Demikianlah kejahatan manusia memanfaatkan kesempatan dari kebaikan Allah hingga semakin besarlah dosa yang dilakukannya.
Akhirnya, inilah maksud nyata dari perumpamaan tersebut (ay. 16), yang ditujukan kepada orang-orang Yahudi yang mendorong Kristus mengatakan perumpamaan tersebut (19:30), Demikianlah orang yang terakhir akan menjadi yang terdahulu, dan yang terdahulu akan menjadi yang terakhir. Saat itu, ketika Kerajaan Injil pertama kali ditegakkan, sudah ada banyak orang yang mengikut Kristus. Orang-orang Yahudi yang bertobat saat itu tampaknya seperti mendahului orang lain. Namun, untuk meniadakan dan membungkam kebanggaan mereka, Kristus berkata kepada mereka:

Bahwa mungkin saja mereka akan didahului orang-orang percaya berikutnya, dan meskipun mereka lebih dahulu percaya kepada Allah dibanding orang lain, mereka bisa saja tertinggal dalam hal hikmat, anugerah, dan kekudusan dibandingkan dengan orang-orang lain. Jemaat orang bukan-Yahudi yang ketika itu belum terbentuk, atau dunia orang bukan-Yahudi yang ketika itu menganggur di pasar, akan menghasilkan lebih banyak orang Kristen yang lebih unggul dan lebih berguna daripada yang ditemukan di antara orang-orang Yahudi.
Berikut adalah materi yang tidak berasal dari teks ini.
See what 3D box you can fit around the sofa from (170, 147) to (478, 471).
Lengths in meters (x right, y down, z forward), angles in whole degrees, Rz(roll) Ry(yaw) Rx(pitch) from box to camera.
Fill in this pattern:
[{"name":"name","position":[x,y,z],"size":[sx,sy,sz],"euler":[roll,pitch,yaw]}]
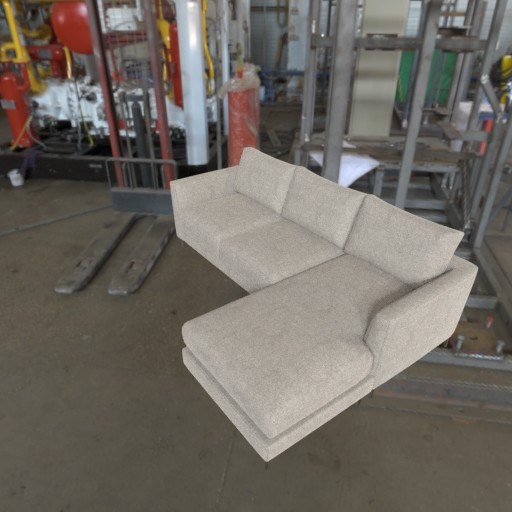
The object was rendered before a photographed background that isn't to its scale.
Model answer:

Sebab yang ditinggalkan suaminya akan lebih unggul dari pada yang bersuami (Yes. 54:1).

Siapa yang tahu kalau gereja di kemudian hari akan menjadi lebih gemuk dan subur daripada sebelum-sebelumnya, untuk menunjukkan bahwa Allah memang benar? Walaupun Kekristenan mula-mula lebih murni dan kuat daripada yang bisa ditemukan di zaman kita ini, namun siapa yang mampu mengatakan pekerja seperti apa yang akan disuruh ke kebun anggur pada kira-kira pukul lima petang pada masa jemaat Filadelfia, dan bagaimana berlimpahnya aliran Roh nantinya dibandingkan masa-masa sebelumnya?
Bahwa mereka punya alasan untuk merasa takut, kalau-kalau akhirnya nanti mereka akan didapati menjadi munafik, sebab banyak yang dipanggil, tetapi sedikit yang dipilih. Hal yang dikatakan ini berkaitan dengan keadaan orang-orang Yahudi (22:14), dan sama seperti keadaan pada saat itu, sekarang pun tidak banyak bedanya. Banyak yang dipanggil dengan panggilan luar tetapi tidak dipilih untuk diselamatkan. Mereka yang ditentukan-Nya dari semula, mereka itu juga dipanggil-Nya, dalam kegenapan waktu (Rm. 8:30), supaya panggilan dan pilihan kita makin teguh (2Ptr. 1:10). Namun, tidak demikian halnya dengan panggilan luar, banyak yang dipanggil, namun menolaknya (Ams. 1:24).

Begitulah, sama seperti mereka dipanggil kepada Allah, begitu pula mereka pergi dari Dia (Hos. 11:2, 7). Dengan demikian tampaknya mereka tidak dipilih, sebab yang terpilih telah memperolehnya (Rm. 11:7). Perhatikanlah, di antara orang yang disebut Kristen hanya ada sedikit orang yang dipilih. Oleh sebab itu, sangatlah penting bagi kita untuk membangun pengharapan kita akan sorga di atas batu pilihan abadi, dan bukan di atas pasir panggilan lahiriah. Sudah seharusnya kita takut kalau-kalau kita didapati sebagai orang Kristen semu, sehingga tidak layak, atau bahkan didapati sebagai orang Kristen yang cemar sehingga dianggap ketinggalan (Ibr. 4:1).